Half-Irish, half-Albanian appears to be an impeccable genetic cocktail. There’s only two I know about, and both are pretty impressive. One is my wife. The other is the late Regis Philbin, who has now left us at the age of 88. I’d bet the house that most of today’s chatter will be about the best known stretch of his career, which began in the late 1980s. It falls to the obsessions of this blog to talk about his earlier years in show biz.
Philbin (b. 1931) grew up in the Bronx, attended Notre Dame and served in the Navy. His first wife, Kay was the daughter of the vaudeville team of Faylen and Hughes. He broke into TV as a page on The Tonight Show during the Jack Paar regime, an experience from which he learned MUCH. By 1962 he was serving as the announcer of the show. In 1964, he was given Steve Allen’s old time slot for a talk-variety show of his own, notoriously only lasting four months. From 1967 through 1969 he was the sidekick on The Joey Bishop Show, where he staged a famous stunt of quitting on the air, the ostensible reason being low ratings and Joey’s constant insults, but the whole thing was just a planned publicity gimmick. During this period, Philbin also recorded an LP of pop standards, and guest starred on TV shows like Get Smart, Love American Style, Rowan and Martin’s Laugh-In, That Girl, The Jimmy Stewart Show, The San Pedro Beach Bums, and Fantasy Island. He’s in movies like Everything You Aways Wanted to Know About Sex (But Were Afraid to Ask) (1972), SST: Death Flight (1977), and Sextette (1978) with Mae West!

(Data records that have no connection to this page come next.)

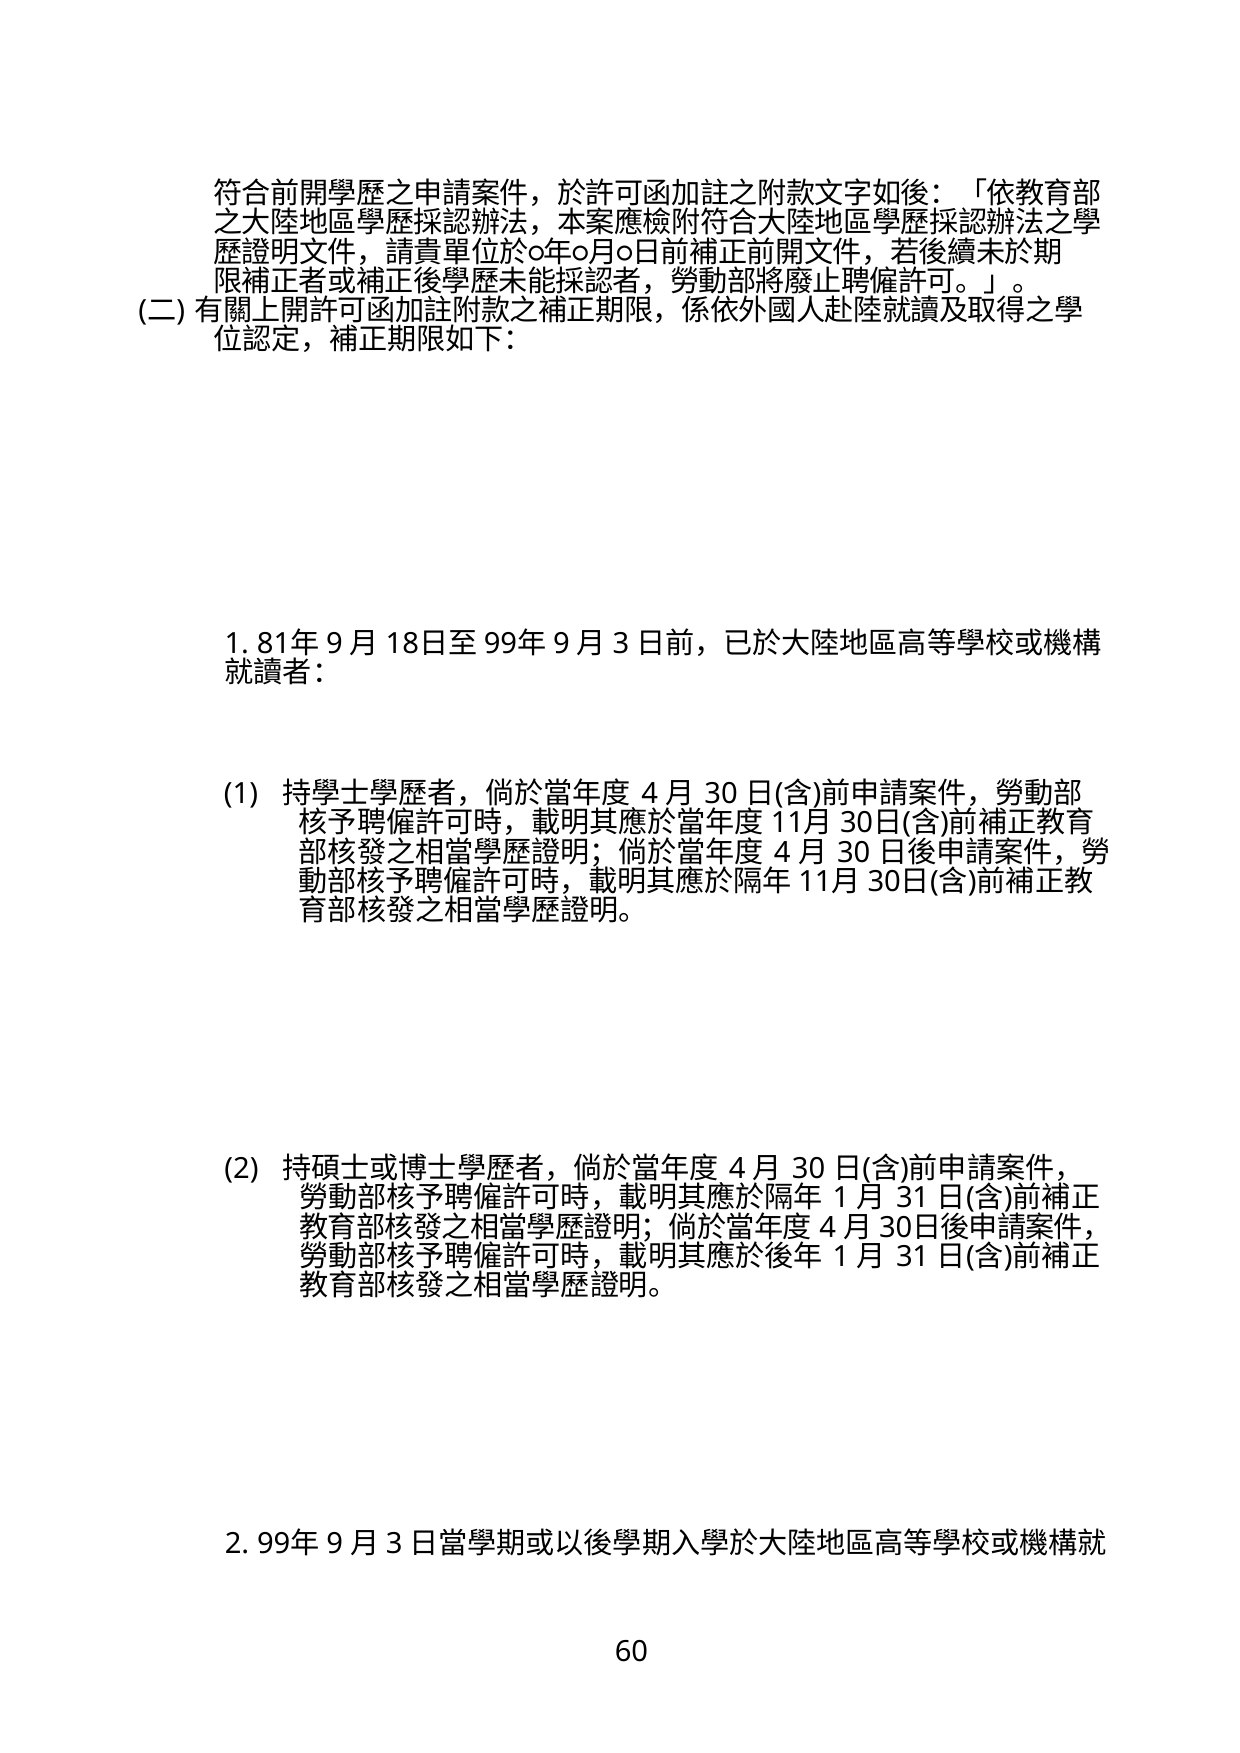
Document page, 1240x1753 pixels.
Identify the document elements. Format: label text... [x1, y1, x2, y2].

text 育部核發之相當學歷證明。 [299, 897, 1231, 926]
text 核予聘僱許可時，載明其應於當年度 11月 30日(含)前補正教育 [299, 809, 1231, 839]
text 位認定，補正期限如下： [213, 326, 1231, 356]
text 1. 81年 9月 18日至 99年 9月 3日前，已於大陸地區高等學校或機構 [224, 630, 1231, 659]
text 教育部核發之相當學歷證明。 [299, 1272, 1231, 1302]
text 歷證明文件，請貴單位於○年○月○日前補正前開文件，若後續未於期 [213, 239, 1231, 268]
text 之大陸地區學歷採認辦法，本案應檢附符合大陸地區學歷採認辦法之學 [213, 209, 1231, 239]
text 就讀者： [224, 659, 1231, 689]
text 60 [614, 1635, 670, 1668]
text 符合前開學歷之申請案件，於許可函加註之附款文字如後：「依教育部 [213, 180, 1231, 209]
text 部核發之相當學歷證明；倘於當年度 4 月 30 日後申請案件，勞 [299, 839, 1231, 868]
text (2) 持碩士或博士學歷者，倘於當年度 4 月 30 日(含)前申請案件， [224, 1155, 1231, 1184]
text 2. 99年 9月 3日當學期或以後學期入學於大陸地區高等學校或機構就 [224, 1530, 1231, 1559]
text 教育部核發之相當學歷證明；倘於當年度 4月 30日後申請案件， [299, 1214, 1231, 1243]
text 限補正者或補正後學歷未能採認者，勞動部將廢止聘僱許可。」。 [213, 268, 1231, 297]
text 動部核予聘僱許可時，載明其應於隔年 11月 30日(含)前補正教 [299, 868, 1231, 897]
text 勞動部核予聘僱許可時，載明其應於隔年 1 月 31 日(含)前補正 [299, 1184, 1231, 1214]
text (1) 持學士學歷者，倘於當年度 4 月 30 日(含)前申請案件，勞動部 [224, 780, 1231, 809]
text 勞動部核予聘僱許可時，載明其應於後年 1 月 31 日(含)前補正 [299, 1243, 1231, 1272]
text (二) 有關上開許可函加註附款之補正期限，係依外國人赴陸就讀及取得之學 [138, 297, 1231, 326]

Through most of the ’70s he also worked a lot in local television, and occasionally hosted short-lived game shows. This culminated with Live with Regis and Kathy Lee (1988-2000), then taking Bert Parks’ old role as host of Miss America (1991-1996), then starring on Who Wants to be a Millionaire (1999-2002, and spin-offs), Live with Regis and Kelly (2001-2011), the first season of America’s Got Talent (2006) and a zillion other things. All of which add up to his status as Guinness World Record holder as the human being who’d spent the greatest number of hours on American television (over 16,000 hours as of a decade ago).
A sad day for us, but a happy one for Regis. God is now his co-host.